If you want to rediscover those lost feelings for your spouse start by changing the way you view him. Falling into a trap where you only see the negatives in your husband is very easy to do. Make a concerted effort to only focus on the positive parts of him. Be vocal about how much you appreciate those things about him. Tell him and tell others. The more you verbalize what you find appealing about him, the more you’ll start to recognize and appreciate it.

Start doing small things for your spouse again. Quite often when a wife (or husband) starts to fall out of love with her husband she also begins to neglect him. If you did certain things early in the marriage, such as making his lunch, cooking his favorite dinner or washing his clothes, do that again. Once you start taking the time to do things for him you’ll likely see a change in him too. He’ll also want to do more for you which will help you to recognize those qualities in him that first attracted you to him.

The Loving Dare:

On two pieces of paper write the three questions below. Each partner gets one sheet of paper.

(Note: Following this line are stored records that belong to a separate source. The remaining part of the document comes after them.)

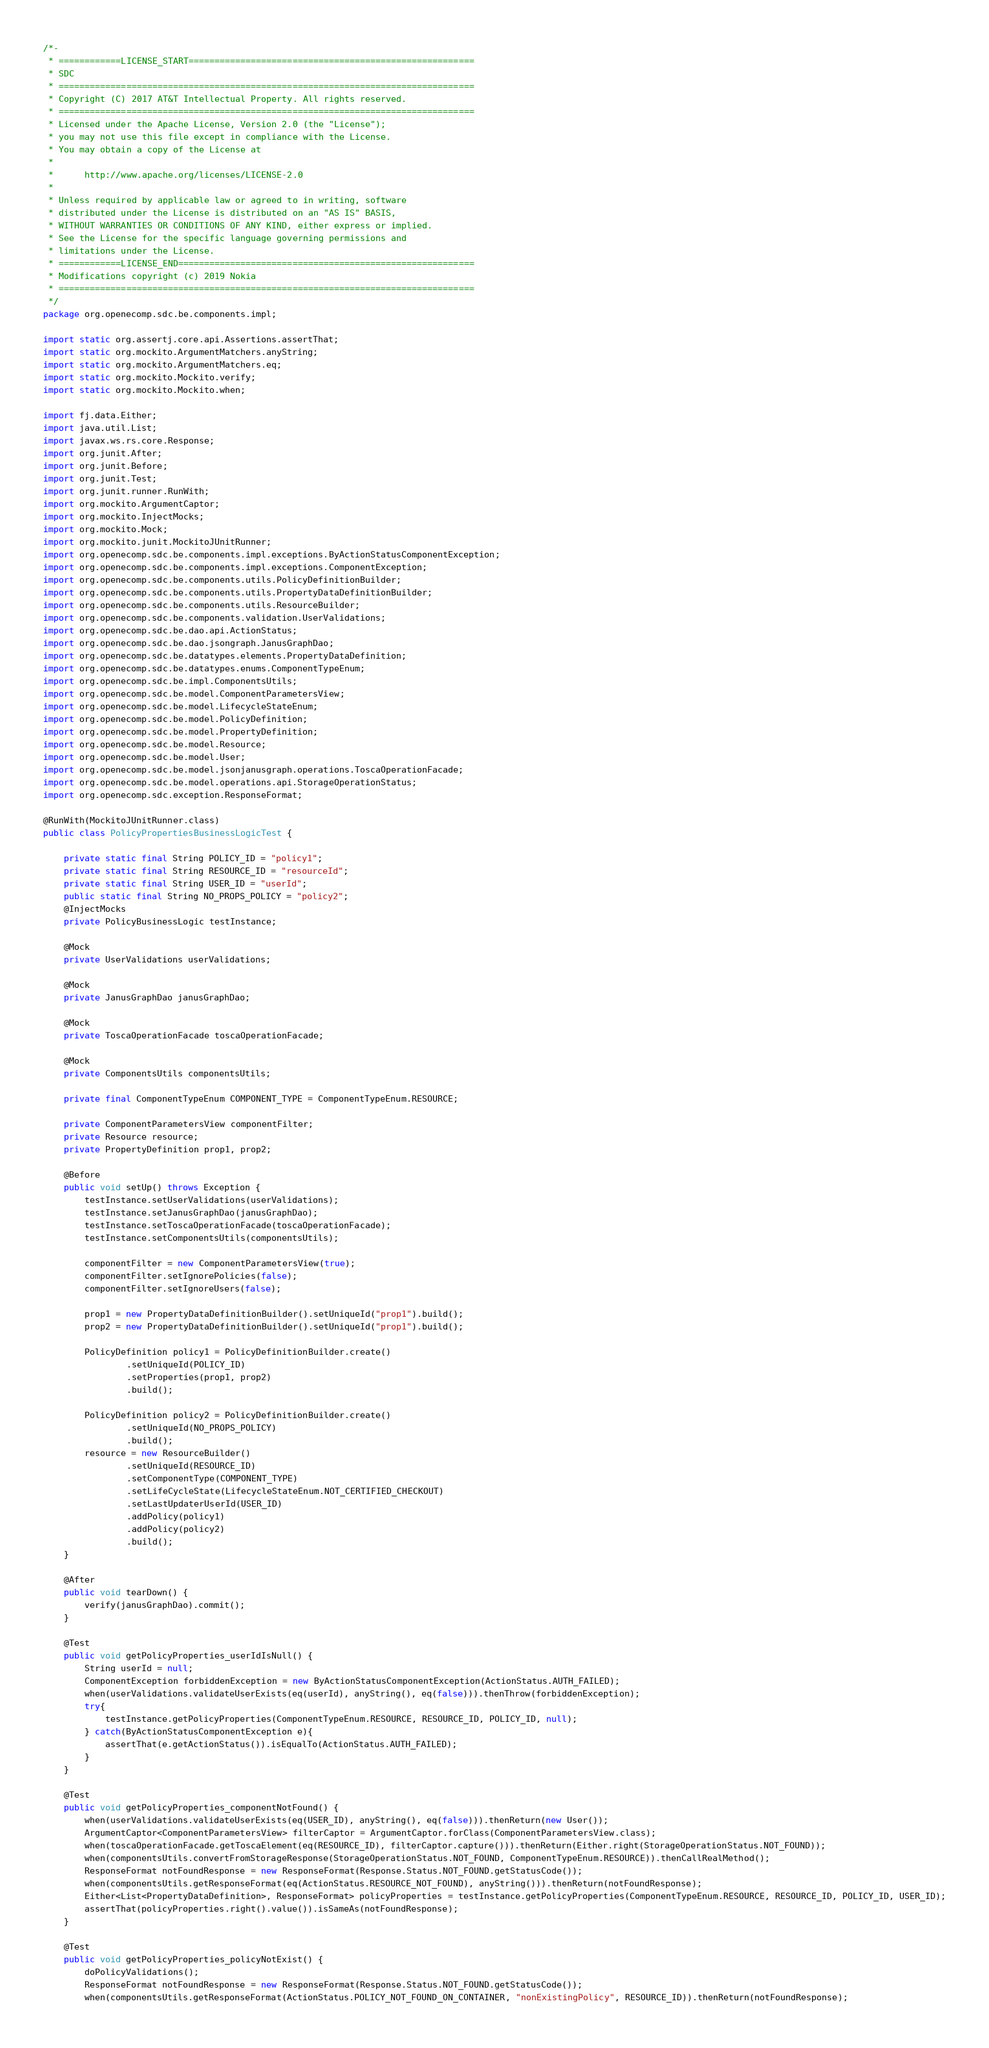Convert code to text. <code><loc_0><loc_0><loc_500><loc_500><_Java_>/*-
 * ============LICENSE_START=======================================================
 * SDC
 * ================================================================================
 * Copyright (C) 2017 AT&T Intellectual Property. All rights reserved.
 * ================================================================================
 * Licensed under the Apache License, Version 2.0 (the "License");
 * you may not use this file except in compliance with the License.
 * You may obtain a copy of the License at
 *
 *      http://www.apache.org/licenses/LICENSE-2.0
 *
 * Unless required by applicable law or agreed to in writing, software
 * distributed under the License is distributed on an "AS IS" BASIS,
 * WITHOUT WARRANTIES OR CONDITIONS OF ANY KIND, either express or implied.
 * See the License for the specific language governing permissions and
 * limitations under the License.
 * ============LICENSE_END=========================================================
 * Modifications copyright (c) 2019 Nokia
 * ================================================================================
 */
package org.openecomp.sdc.be.components.impl;

import static org.assertj.core.api.Assertions.assertThat;
import static org.mockito.ArgumentMatchers.anyString;
import static org.mockito.ArgumentMatchers.eq;
import static org.mockito.Mockito.verify;
import static org.mockito.Mockito.when;

import fj.data.Either;
import java.util.List;
import javax.ws.rs.core.Response;
import org.junit.After;
import org.junit.Before;
import org.junit.Test;
import org.junit.runner.RunWith;
import org.mockito.ArgumentCaptor;
import org.mockito.InjectMocks;
import org.mockito.Mock;
import org.mockito.junit.MockitoJUnitRunner;
import org.openecomp.sdc.be.components.impl.exceptions.ByActionStatusComponentException;
import org.openecomp.sdc.be.components.impl.exceptions.ComponentException;
import org.openecomp.sdc.be.components.utils.PolicyDefinitionBuilder;
import org.openecomp.sdc.be.components.utils.PropertyDataDefinitionBuilder;
import org.openecomp.sdc.be.components.utils.ResourceBuilder;
import org.openecomp.sdc.be.components.validation.UserValidations;
import org.openecomp.sdc.be.dao.api.ActionStatus;
import org.openecomp.sdc.be.dao.jsongraph.JanusGraphDao;
import org.openecomp.sdc.be.datatypes.elements.PropertyDataDefinition;
import org.openecomp.sdc.be.datatypes.enums.ComponentTypeEnum;
import org.openecomp.sdc.be.impl.ComponentsUtils;
import org.openecomp.sdc.be.model.ComponentParametersView;
import org.openecomp.sdc.be.model.LifecycleStateEnum;
import org.openecomp.sdc.be.model.PolicyDefinition;
import org.openecomp.sdc.be.model.PropertyDefinition;
import org.openecomp.sdc.be.model.Resource;
import org.openecomp.sdc.be.model.User;
import org.openecomp.sdc.be.model.jsonjanusgraph.operations.ToscaOperationFacade;
import org.openecomp.sdc.be.model.operations.api.StorageOperationStatus;
import org.openecomp.sdc.exception.ResponseFormat;

@RunWith(MockitoJUnitRunner.class)
public class PolicyPropertiesBusinessLogicTest {

    private static final String POLICY_ID = "policy1";
    private static final String RESOURCE_ID = "resourceId";
    private static final String USER_ID = "userId";
    public static final String NO_PROPS_POLICY = "policy2";
    @InjectMocks
    private PolicyBusinessLogic testInstance;

    @Mock
    private UserValidations userValidations;

    @Mock
    private JanusGraphDao janusGraphDao;

    @Mock
    private ToscaOperationFacade toscaOperationFacade;

    @Mock
    private ComponentsUtils componentsUtils;

    private final ComponentTypeEnum COMPONENT_TYPE = ComponentTypeEnum.RESOURCE;

    private ComponentParametersView componentFilter;
    private Resource resource;
    private PropertyDefinition prop1, prop2;

    @Before
    public void setUp() throws Exception {
        testInstance.setUserValidations(userValidations);
        testInstance.setJanusGraphDao(janusGraphDao);
        testInstance.setToscaOperationFacade(toscaOperationFacade);
        testInstance.setComponentsUtils(componentsUtils);

        componentFilter = new ComponentParametersView(true);
        componentFilter.setIgnorePolicies(false);
        componentFilter.setIgnoreUsers(false);

        prop1 = new PropertyDataDefinitionBuilder().setUniqueId("prop1").build();
        prop2 = new PropertyDataDefinitionBuilder().setUniqueId("prop1").build();

        PolicyDefinition policy1 = PolicyDefinitionBuilder.create()
                .setUniqueId(POLICY_ID)
                .setProperties(prop1, prop2)
                .build();

        PolicyDefinition policy2 = PolicyDefinitionBuilder.create()
                .setUniqueId(NO_PROPS_POLICY)
                .build();
        resource = new ResourceBuilder()
                .setUniqueId(RESOURCE_ID)
                .setComponentType(COMPONENT_TYPE)
                .setLifeCycleState(LifecycleStateEnum.NOT_CERTIFIED_CHECKOUT)
                .setLastUpdaterUserId(USER_ID)
                .addPolicy(policy1)
                .addPolicy(policy2)
                .build();
    }

    @After
    public void tearDown() {
        verify(janusGraphDao).commit();
    }

    @Test
    public void getPolicyProperties_userIdIsNull() {
        String userId = null;
        ComponentException forbiddenException = new ByActionStatusComponentException(ActionStatus.AUTH_FAILED);
        when(userValidations.validateUserExists(eq(userId), anyString(), eq(false))).thenThrow(forbiddenException);
        try{
            testInstance.getPolicyProperties(ComponentTypeEnum.RESOURCE, RESOURCE_ID, POLICY_ID, null);
        } catch(ByActionStatusComponentException e){
            assertThat(e.getActionStatus()).isEqualTo(ActionStatus.AUTH_FAILED);
        }
    }

    @Test
    public void getPolicyProperties_componentNotFound() {
        when(userValidations.validateUserExists(eq(USER_ID), anyString(), eq(false))).thenReturn(new User());
        ArgumentCaptor<ComponentParametersView> filterCaptor = ArgumentCaptor.forClass(ComponentParametersView.class);
        when(toscaOperationFacade.getToscaElement(eq(RESOURCE_ID), filterCaptor.capture())).thenReturn(Either.right(StorageOperationStatus.NOT_FOUND));
        when(componentsUtils.convertFromStorageResponse(StorageOperationStatus.NOT_FOUND, ComponentTypeEnum.RESOURCE)).thenCallRealMethod();
        ResponseFormat notFoundResponse = new ResponseFormat(Response.Status.NOT_FOUND.getStatusCode());
        when(componentsUtils.getResponseFormat(eq(ActionStatus.RESOURCE_NOT_FOUND), anyString())).thenReturn(notFoundResponse);
        Either<List<PropertyDataDefinition>, ResponseFormat> policyProperties = testInstance.getPolicyProperties(ComponentTypeEnum.RESOURCE, RESOURCE_ID, POLICY_ID, USER_ID);
        assertThat(policyProperties.right().value()).isSameAs(notFoundResponse);
    }

    @Test
    public void getPolicyProperties_policyNotExist() {
        doPolicyValidations();
        ResponseFormat notFoundResponse = new ResponseFormat(Response.Status.NOT_FOUND.getStatusCode());
        when(componentsUtils.getResponseFormat(ActionStatus.POLICY_NOT_FOUND_ON_CONTAINER, "nonExistingPolicy", RESOURCE_ID)).thenReturn(notFoundResponse);</code> 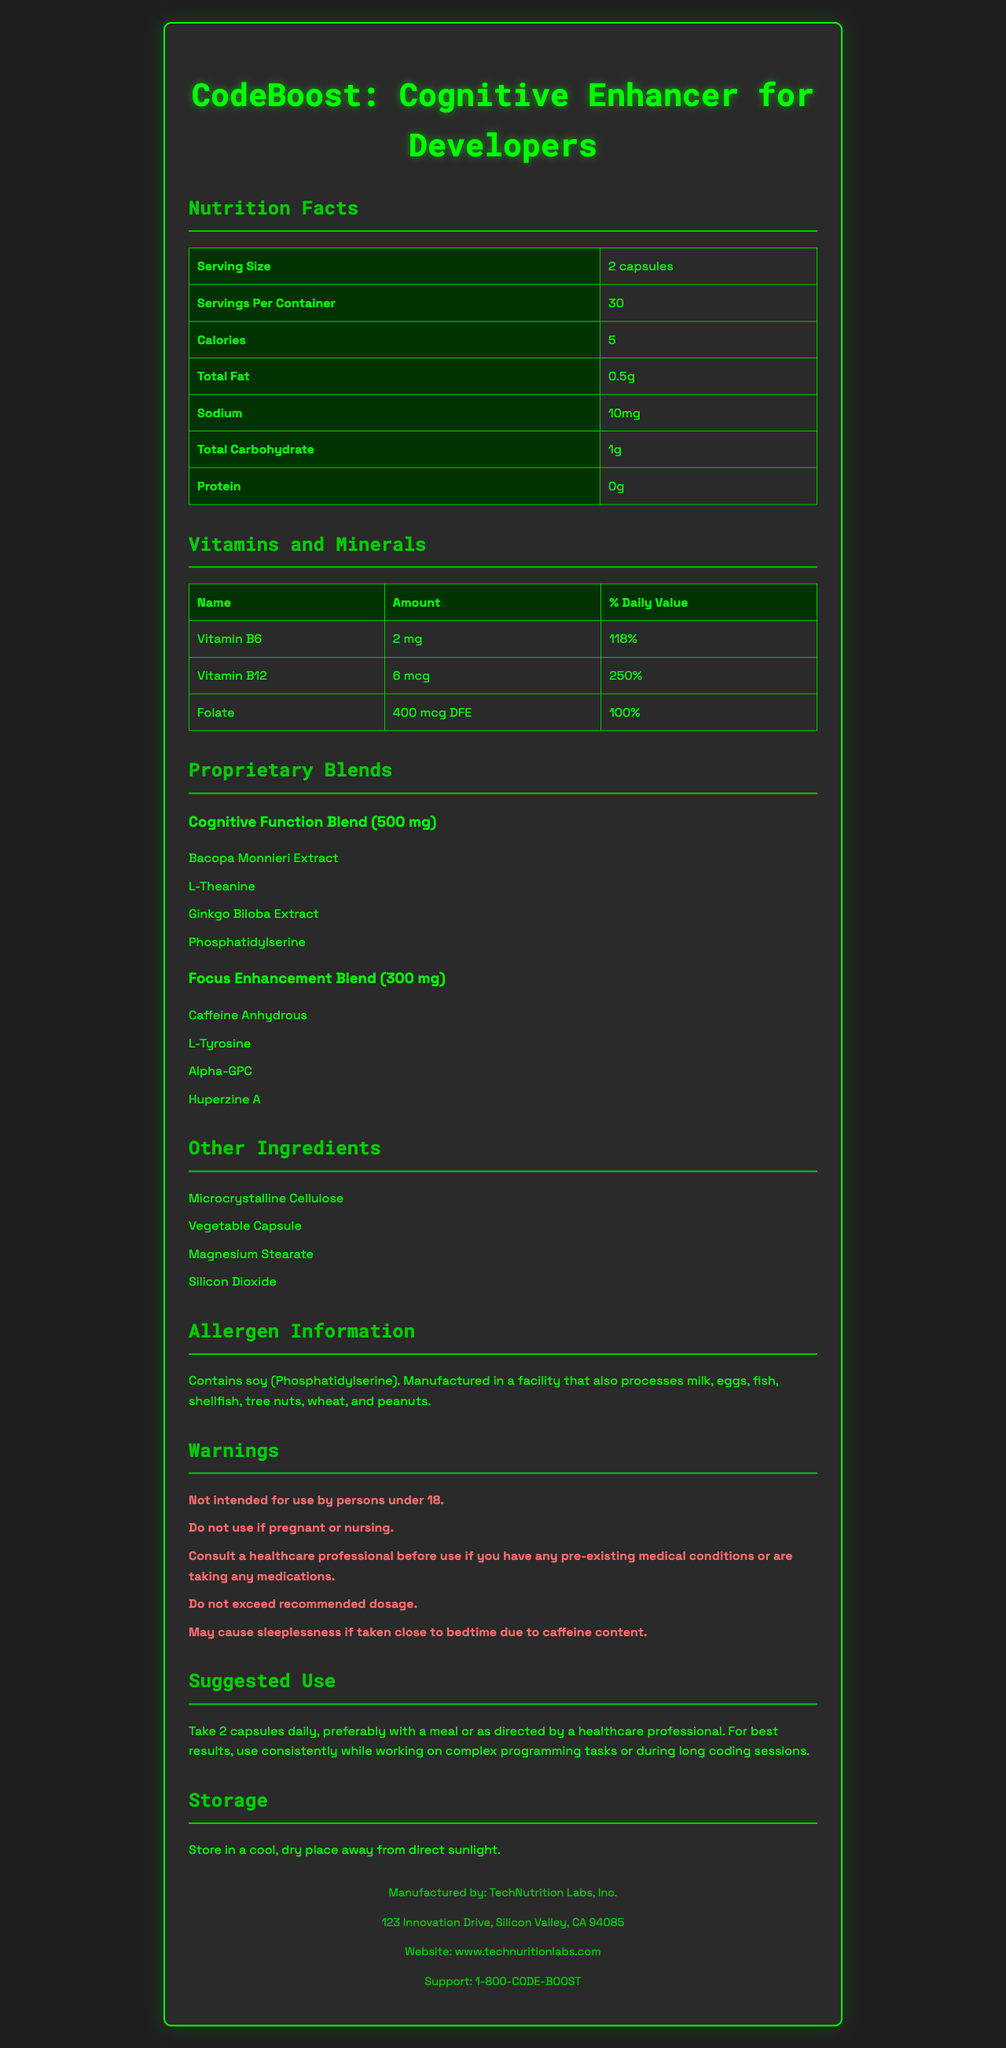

Both you and your partner answer the questions then guess how your partner will answer them. (Four answers each). Share your thoughts! Discuss your answers! Then throw it away (or give them to God. Remember, Agape Loving is not about you and your expectations, it is about being a channel of GOD’S LOVE. So while it helps to see your spouses wants and needs and be willing to meet them, you must do the thirds step in our Loving Dare, you must daily ask God to love your spouse through you in a way they have never been loved before.

The three questions:

1. What can I do to make our marriage better?
2. What would my spouse like me to do to keep our marriage alive and vibrant?
3. God, will you love my spouse through me as they’ve never been loved before?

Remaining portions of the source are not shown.